O suspeito é açougueiro em Minas Gerais e apresentou documentos falsos aos agentes diplomáticos da Embaixada dos Estados Unidos. Se condenado, ele pode pegar de 1 a 5 anos de prisão


postado em 23/04/2019 19:06 / atualizado em 23/04/2019 19:35

Ele tentava conseguir um visto de turista para os Estados Unidos usando documentos falsos(foto: Minervino Junior/CB/D.A Press)
Ele tentava conseguir um visto de turista para os Estados Unidos usando documentos falsos (foto: Minervino Junior/CB/D.A Press)
Um açougueiro de 26 anos foi preso em flagrante, na tarde desta terça-feira (23/4), enquanto tentava conseguir um visto de turista para os Estados Unidos usando documentos falsos. O suspeito mora em Sobrália, no interior de Minas Gerais, e estava em Brasília desde sábado (20/4), hospedado no Hotel Nacional. Após ser detido na sede da representação do país, ele foi levado para a carceragem da Polícia Civil e deve passar pela audiência de custódia na quarta-feira (24/4).

Ele ficaria hospedado em Brasília até quinta-feira (25/4). Aos agentes da 1ª Delegacia de Polícia (Asa Sul), o jovem afirmou que pretendia visitar um irmão que mora nos Estados Unidos há 17 anos. No entanto, os investigadores não confirmaram essa informação.

Jovem de 26 anos desembolsou R$ 5 mil para conseguir declarações de escolaridade e de rendimentos(foto: PCDF/Divulgação)
Jovem de 26 anos desembolsou R$ 5 mil para conseguir declarações de escolaridade e de rendimentos (foto: PCDF/Divulgação)
Além da identidade, o suspeito apresentou dois extratos bancários de dois bancos; uma declaração de Imposto de Renda; e um comprovante de matrícula no 9º semestre do curso de educação física da Pontifícia Universidade Católica de Minas Gerais (PUC-Minas). Entretanto, o rapaz estudou até o 1º ano do ensino médio e a instituição de ensino negou que ele fosse aluno.

A delegada Bruna Eiras, da 1ª DP, disse que casos como esse têm sido frequentes, principalmente entre moradores de cidades do interior de Minas Gerais, e que essa foi o sexta ocorrência na embaixada norte-americana. "Ele é uma pessoa humilde. Recebe R$ 1,2 mil por mês. Ele confessou que sabia que os documentos eram falsos, mas não achou que pudesse ser preso por isso”, comentou Bruna.

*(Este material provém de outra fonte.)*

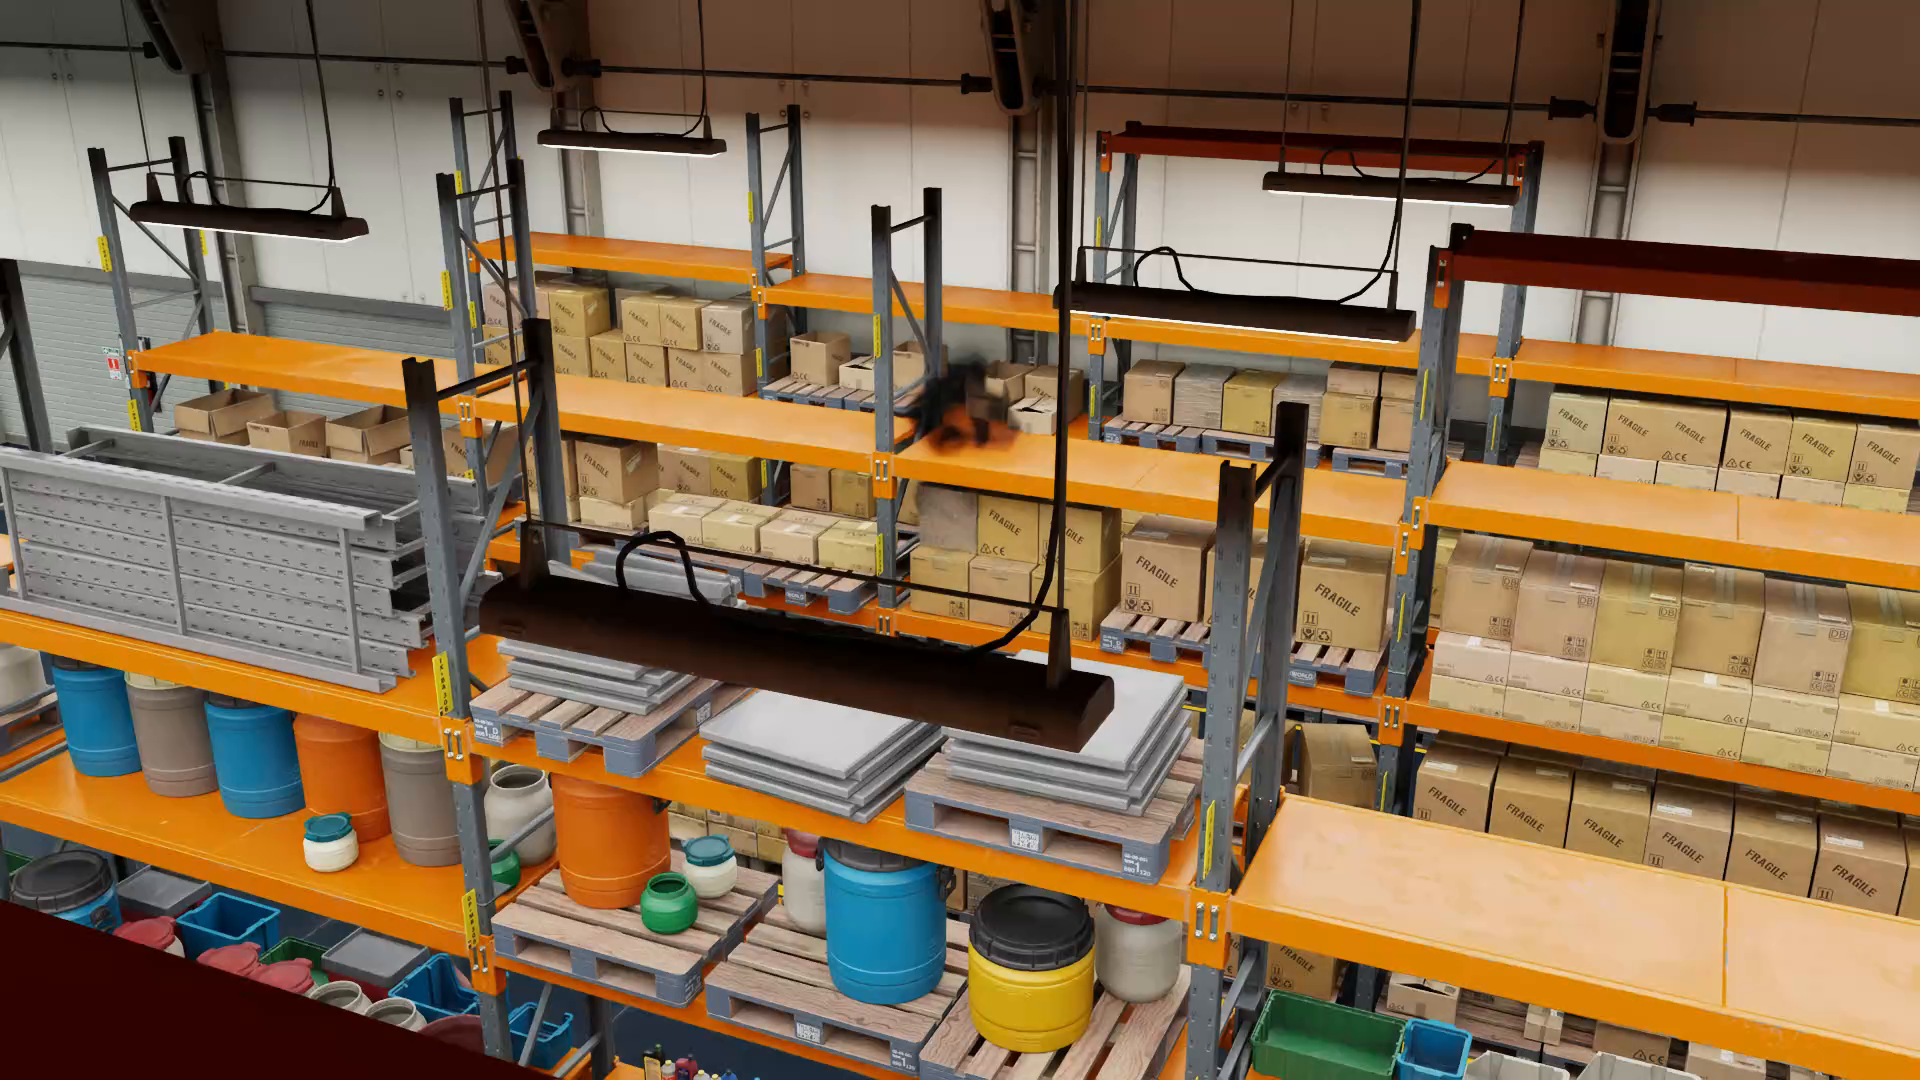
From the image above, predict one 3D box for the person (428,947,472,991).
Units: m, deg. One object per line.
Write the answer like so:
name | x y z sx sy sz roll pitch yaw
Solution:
person | -3.980 2.898 12.536 0.904 1.693 0.561 7 22 19
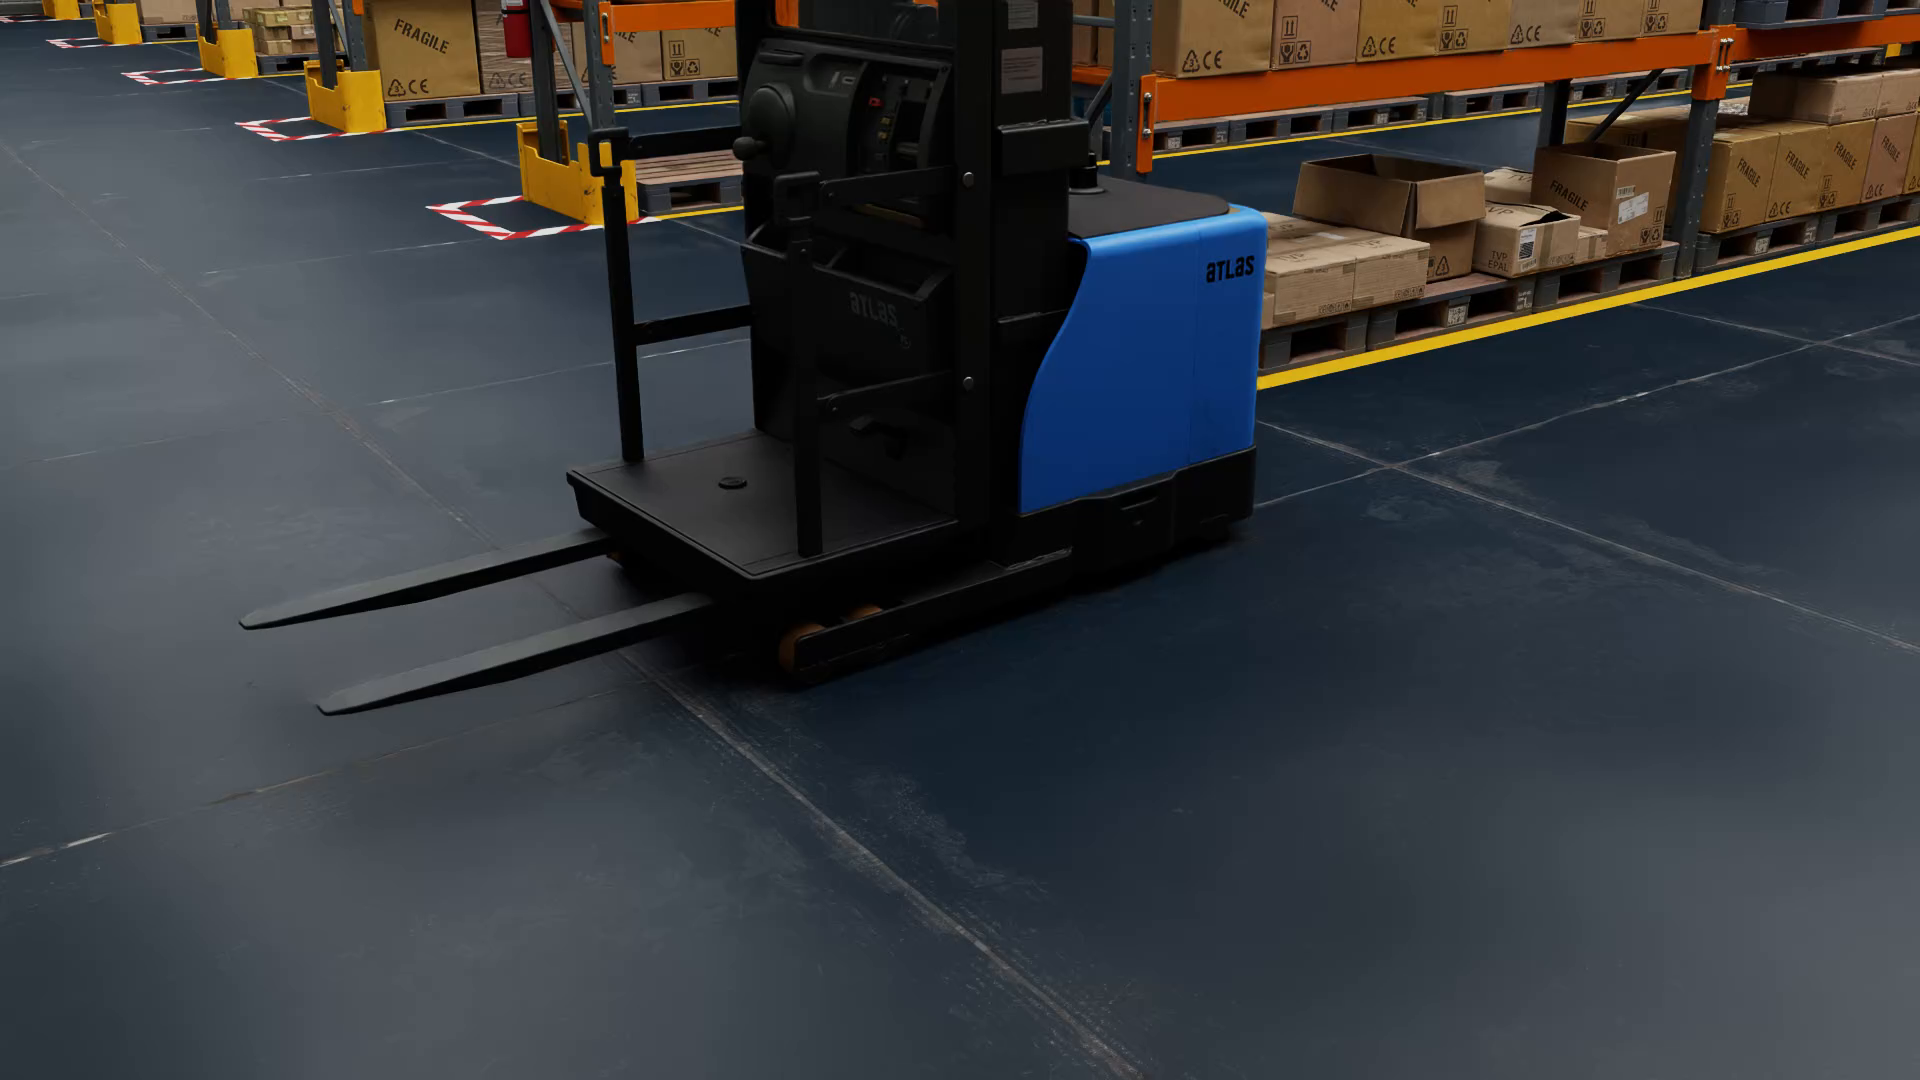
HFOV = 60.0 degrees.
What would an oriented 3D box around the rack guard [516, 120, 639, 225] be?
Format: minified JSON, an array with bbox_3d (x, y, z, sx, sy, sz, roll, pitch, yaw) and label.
[{"bbox_3d":[-2.506,-2.412,10.860,0.348,0.500,1.175,-15,26,-33],"label":"rack guard"}]

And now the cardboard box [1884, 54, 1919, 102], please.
[{"bbox_3d":[6.224,-2.927,10.547,0.500,0.250,0.500,-14,26,-31],"label":"cardboard box"}]

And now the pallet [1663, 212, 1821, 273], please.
[{"bbox_3d":[4.281,-1.849,9.839,1.213,0.211,1.003,-15,26,-33],"label":"pallet"}]

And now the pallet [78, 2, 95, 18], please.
[{"bbox_3d":[-13.368,-8.440,26.356,1.213,0.211,1.003,-15,26,-33],"label":"pallet"}]

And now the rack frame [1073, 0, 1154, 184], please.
[{"bbox_3d":[0.396,-2.091,6.683,0.127,3.000,1.000,-15,26,-33],"label":"rack frame"}]

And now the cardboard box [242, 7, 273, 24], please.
[{"bbox_3d":[-7.920,-5.924,18.766,0.250,0.149,0.380,-15,26,-32],"label":"cardboard box"}]

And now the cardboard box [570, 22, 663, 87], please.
[{"bbox_3d":[-3.453,-4.832,15.853,0.875,0.875,0.875,-15,26,-33],"label":"cardboard box"}]

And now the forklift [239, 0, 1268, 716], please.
[{"bbox_3d":[-0.496,-1.193,4.524,3.031,2.935,1.130,-16,27,-35],"label":"forklift"}]

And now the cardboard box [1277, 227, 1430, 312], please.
[{"bbox_3d":[1.815,-1.267,7.734,0.500,0.250,0.500,-15,26,-33],"label":"cardboard box"}]

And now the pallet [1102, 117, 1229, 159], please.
[{"bbox_3d":[1.404,-3.307,13.493,1.213,0.211,1.003,-15,26,-33],"label":"pallet"}]

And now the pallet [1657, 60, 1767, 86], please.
[{"bbox_3d":[7.816,-5.017,17.778,1.213,0.211,1.003,-15,26,-33],"label":"pallet"}]

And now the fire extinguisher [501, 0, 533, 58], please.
[{"bbox_3d":[-2.882,-3.477,10.763,0.183,0.674,0.296,-15,26,-33],"label":"fire extinguisher"}]

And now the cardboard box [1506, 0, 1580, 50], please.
[{"bbox_3d":[2.554,-2.594,7.808,0.500,0.500,0.500,-14,26,-32],"label":"cardboard box"}]

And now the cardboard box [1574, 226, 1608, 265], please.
[{"bbox_3d":[3.077,-1.529,8.528,0.250,0.149,0.380,-15,26,-33],"label":"cardboard box"}]

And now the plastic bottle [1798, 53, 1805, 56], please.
[{"bbox_3d":[9.175,-5.428,18.116,0.133,0.283,0.061,-14,26,-32],"label":"plastic bottle"}]

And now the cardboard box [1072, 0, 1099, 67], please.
[{"bbox_3d":[0.600,-2.316,7.112,0.500,0.500,0.500,-14,26,-31],"label":"cardboard box"}]

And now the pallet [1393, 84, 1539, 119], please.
[{"bbox_3d":[4.651,-4.174,15.666,1.213,0.211,1.003,-15,26,-33],"label":"pallet"}]

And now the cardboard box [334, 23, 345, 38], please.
[{"bbox_3d":[-6.952,-5.776,18.796,0.250,0.149,0.380,-14,26,-31],"label":"cardboard box"}]

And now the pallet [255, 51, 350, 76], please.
[{"bbox_3d":[-7.459,-5.472,18.920,1.213,0.211,1.003,-15,26,-33],"label":"pallet"}]

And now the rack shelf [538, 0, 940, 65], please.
[{"bbox_3d":[-0.870,-3.681,11.637,4.000,0.370,1.077,-15,26,-33],"label":"rack shelf"}]

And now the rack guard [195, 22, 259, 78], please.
[{"bbox_3d":[-8.140,-5.441,18.452,0.348,0.500,1.175,-15,26,-33],"label":"rack guard"}]

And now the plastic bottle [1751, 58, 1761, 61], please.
[{"bbox_3d":[8.456,-5.236,17.636,0.133,0.283,0.061,-14,25,-31],"label":"plastic bottle"}]

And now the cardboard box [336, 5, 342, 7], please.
[{"bbox_3d":[-7.299,-6.092,19.188,0.250,0.149,0.380,-16,27,-35],"label":"cardboard box"}]

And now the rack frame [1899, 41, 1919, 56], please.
[{"bbox_3d":[6.890,-3.822,11.022,0.127,3.000,1.000,-15,26,-33],"label":"rack frame"}]

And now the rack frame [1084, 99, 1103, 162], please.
[{"bbox_3d":[0.753,-4.448,12.589,0.127,3.000,1.000,-15,26,-33],"label":"rack frame"}]

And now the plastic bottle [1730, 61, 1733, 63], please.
[{"bbox_3d":[8.008,-5.134,17.390,0.135,0.276,0.152,-14,26,-31],"label":"plastic bottle"}]

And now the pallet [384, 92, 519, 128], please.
[{"bbox_3d":[-4.783,-3.973,15.163,1.213,0.211,1.003,-15,26,-33],"label":"pallet"}]

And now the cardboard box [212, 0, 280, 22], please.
[{"bbox_3d":[-9.959,-7.432,22.958,0.875,0.438,0.875,-14,26,-31],"label":"cardboard box"}]

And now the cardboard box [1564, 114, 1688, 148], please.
[{"bbox_3d":[3.876,-2.193,9.718,0.500,0.500,0.500,-15,26,-33],"label":"cardboard box"}]

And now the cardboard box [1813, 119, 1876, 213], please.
[{"bbox_3d":[5.014,-2.256,9.876,0.500,0.500,0.500,-15,26,-32],"label":"cardboard box"}]

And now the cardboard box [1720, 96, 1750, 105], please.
[{"bbox_3d":[5.101,-2.517,10.529,0.500,0.500,0.500,-16,27,-35],"label":"cardboard box"}]

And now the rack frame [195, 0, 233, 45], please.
[{"bbox_3d":[-8.201,-6.586,17.948,0.127,3.000,1.000,-15,26,-33],"label":"rack frame"}]

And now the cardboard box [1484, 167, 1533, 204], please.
[{"bbox_3d":[3.176,-1.886,9.205,0.500,0.311,0.500,-15,26,-33],"label":"cardboard box"}]

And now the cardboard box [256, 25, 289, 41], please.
[{"bbox_3d":[-7.626,-5.631,18.434,0.250,0.149,0.380,-14,26,-31],"label":"cardboard box"}]

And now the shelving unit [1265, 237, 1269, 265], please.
[{"bbox_3d":[0.858,-0.625,5.819,0.210,0.900,0.258,-8,22,-33],"label":"shelving unit"}]

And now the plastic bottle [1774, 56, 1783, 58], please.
[{"bbox_3d":[8.794,-5.376,17.897,0.185,0.351,0.144,-14,26,-31],"label":"plastic bottle"}]

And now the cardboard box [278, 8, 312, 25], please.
[{"bbox_3d":[-7.424,-5.840,18.556,0.250,0.149,0.380,-14,26,-32],"label":"cardboard box"}]

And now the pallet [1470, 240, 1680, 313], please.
[{"bbox_3d":[3.085,-1.513,8.997,1.213,0.211,1.003,-15,26,-33],"label":"pallet"}]

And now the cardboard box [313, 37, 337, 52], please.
[{"bbox_3d":[-7.227,-5.611,18.785,0.250,0.149,0.380,-15,26,-32],"label":"cardboard box"}]

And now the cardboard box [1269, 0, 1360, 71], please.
[{"bbox_3d":[1.326,-2.267,6.990,0.500,0.500,0.500,-15,26,-33],"label":"cardboard box"}]
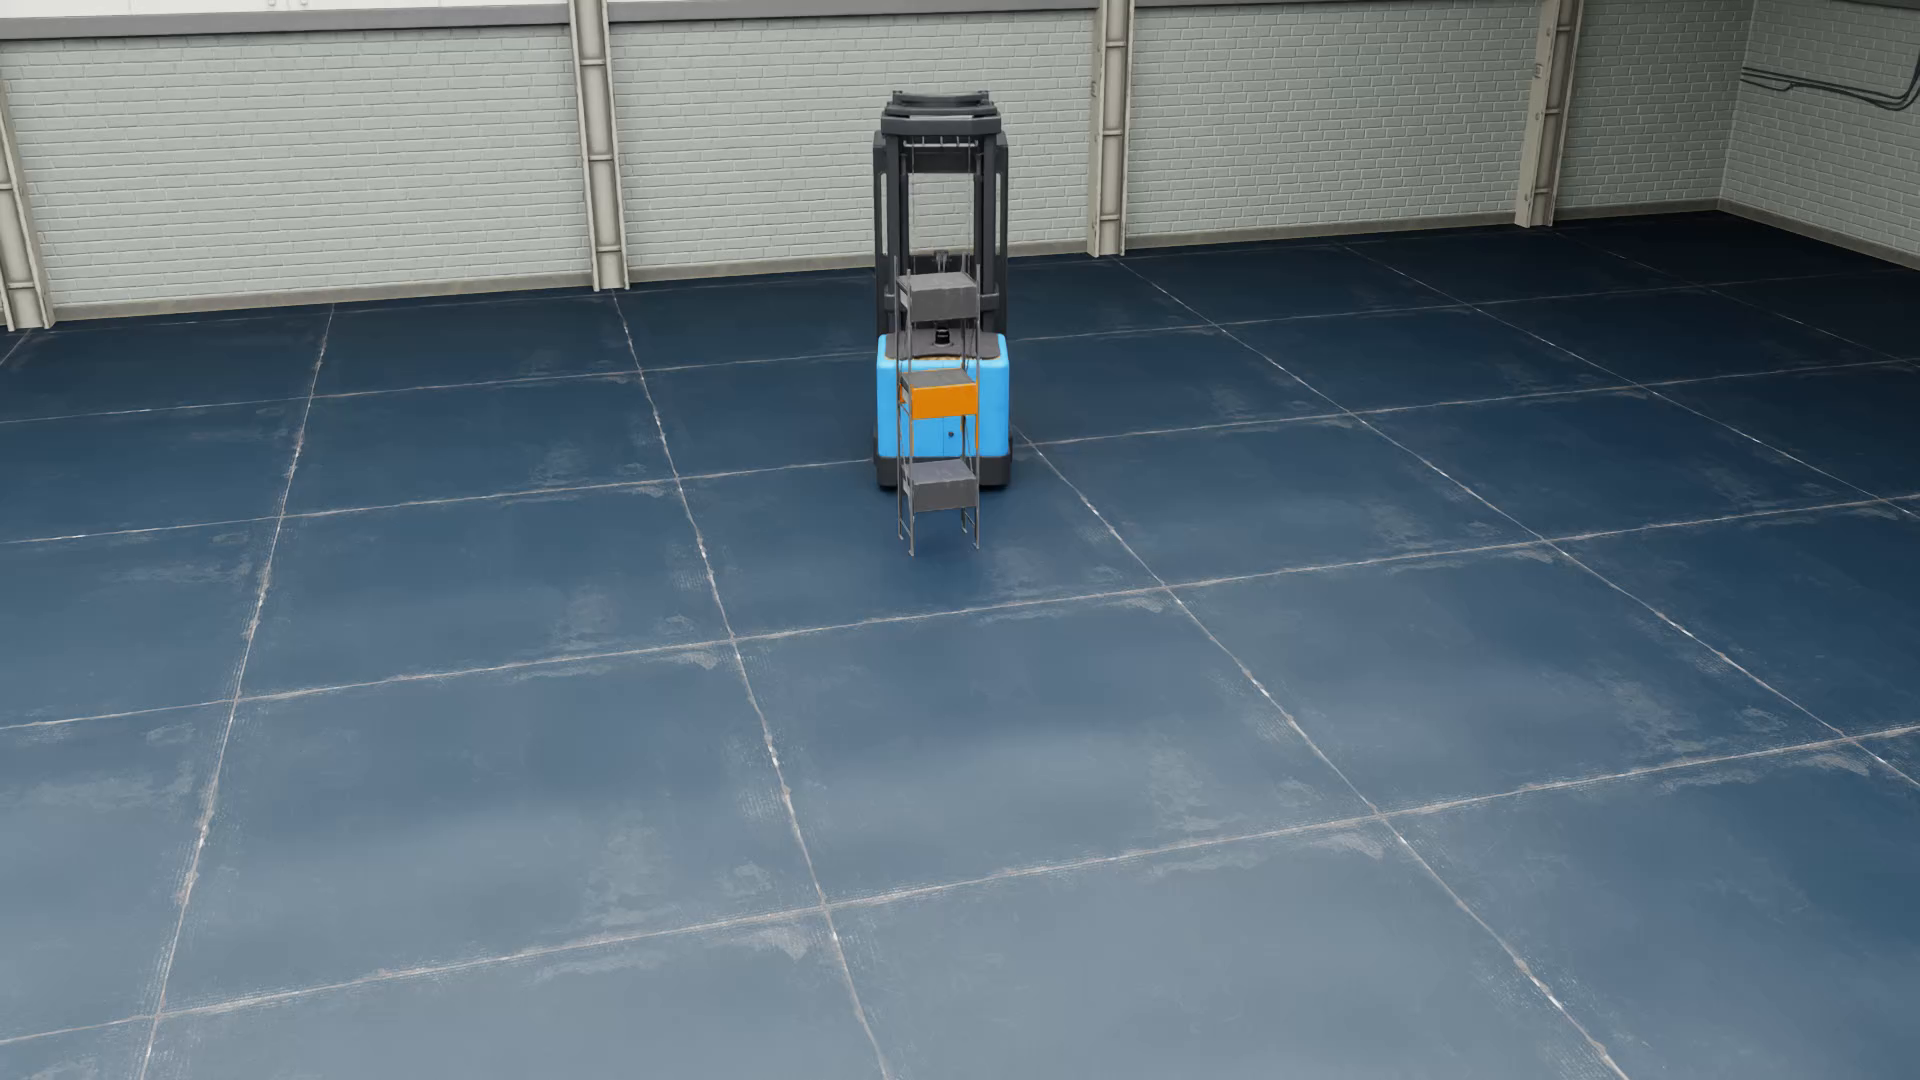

A delegada acrescentou que o rapaz pagou R$ 5 mil a uma pessoa que falsificasse os documentos. “Ele achava que, com a documentação que tinha, não seria aprovado. Por isso, apresentou comprovantes que mostravam uma renda maior.”

Ainda de acordo com a Polícia Civil, a embaixada registrou casos semelhantes com outras pessoas de Sobrália e com moradores de Governador Valadares (MG). Os casos estão sob investigação. Por não ter passagens pela polícia, não representar grave ameaça e pelo fato de a ação não ter envolvido violência, é possível que o jovem seja liberado durante a audiência de custódia. O crime de uso de documento falso é inafiançável e pode resultar em prisão de um a cinco anos.